La casa di Ottaviano Augusto? Un covo di serpenti.
È
raro
che un grande uomo abbia dei figli della sua stessa levatura, e neanche
Ottaviano Augusto è sfuggito a questa regola. La mancanza di un discendente
all’altezza, capace di succedergli al comando dell’impero e di reggere il
potere con mano ferma e saggia, è stato il grande cruccio dei suoi ultimi anni.
Nel tentativo di risolvere il problema, ha computo scelte affrettate e non
appropriate, in una vorticoso giro di matrimoni sciolti e imposti, di adozioni
più o meno forzate, di condanne all’esilio, che finì con trasformare la sua
casa sul Palatino in un luogo di intrighi e gelosie, congiure e vendette,
agguati e assassini, come raramente è stato visto nel corso della Storia.
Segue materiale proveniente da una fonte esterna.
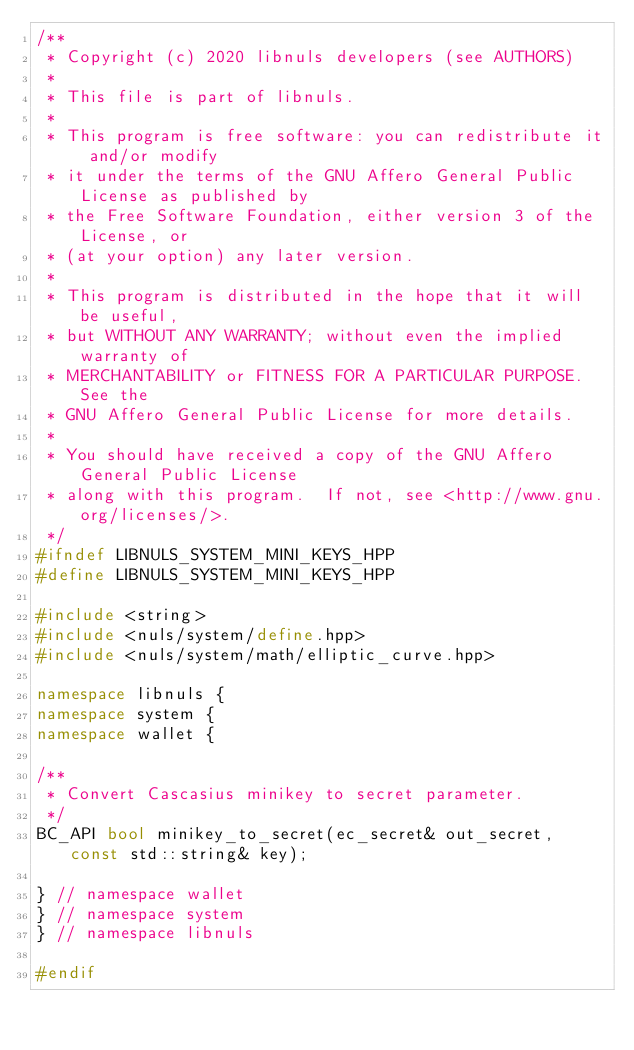<code> <loc_0><loc_0><loc_500><loc_500><_C++_>/**
 * Copyright (c) 2020 libnuls developers (see AUTHORS)
 *
 * This file is part of libnuls.
 *
 * This program is free software: you can redistribute it and/or modify
 * it under the terms of the GNU Affero General Public License as published by
 * the Free Software Foundation, either version 3 of the License, or
 * (at your option) any later version.
 *
 * This program is distributed in the hope that it will be useful,
 * but WITHOUT ANY WARRANTY; without even the implied warranty of
 * MERCHANTABILITY or FITNESS FOR A PARTICULAR PURPOSE.  See the
 * GNU Affero General Public License for more details.
 *
 * You should have received a copy of the GNU Affero General Public License
 * along with this program.  If not, see <http://www.gnu.org/licenses/>.
 */
#ifndef LIBNULS_SYSTEM_MINI_KEYS_HPP
#define LIBNULS_SYSTEM_MINI_KEYS_HPP

#include <string>
#include <nuls/system/define.hpp>
#include <nuls/system/math/elliptic_curve.hpp>

namespace libnuls {
namespace system {
namespace wallet {

/**
 * Convert Cascasius minikey to secret parameter.
 */
BC_API bool minikey_to_secret(ec_secret& out_secret, const std::string& key);

} // namespace wallet
} // namespace system
} // namespace libnuls

#endif
</code>

Il
risultato? Tra i suoi successori diretti non ce n’è uno che si salvi, e per
trovare un imperatore degno di questo nome bisogna aspettare il 69 d.C, quando
Vespasiano darà inizio a una nuova dinastia.
Per tentare di far luce
sul complicato groviglio di parentele e crimini intorno al quale matura la
successione del primo imperatore romano, bisogna ricostruire i collegamenti fra
i numerosi membri della dinastia Giulio-Claudia, a cui apparteneva Augusto.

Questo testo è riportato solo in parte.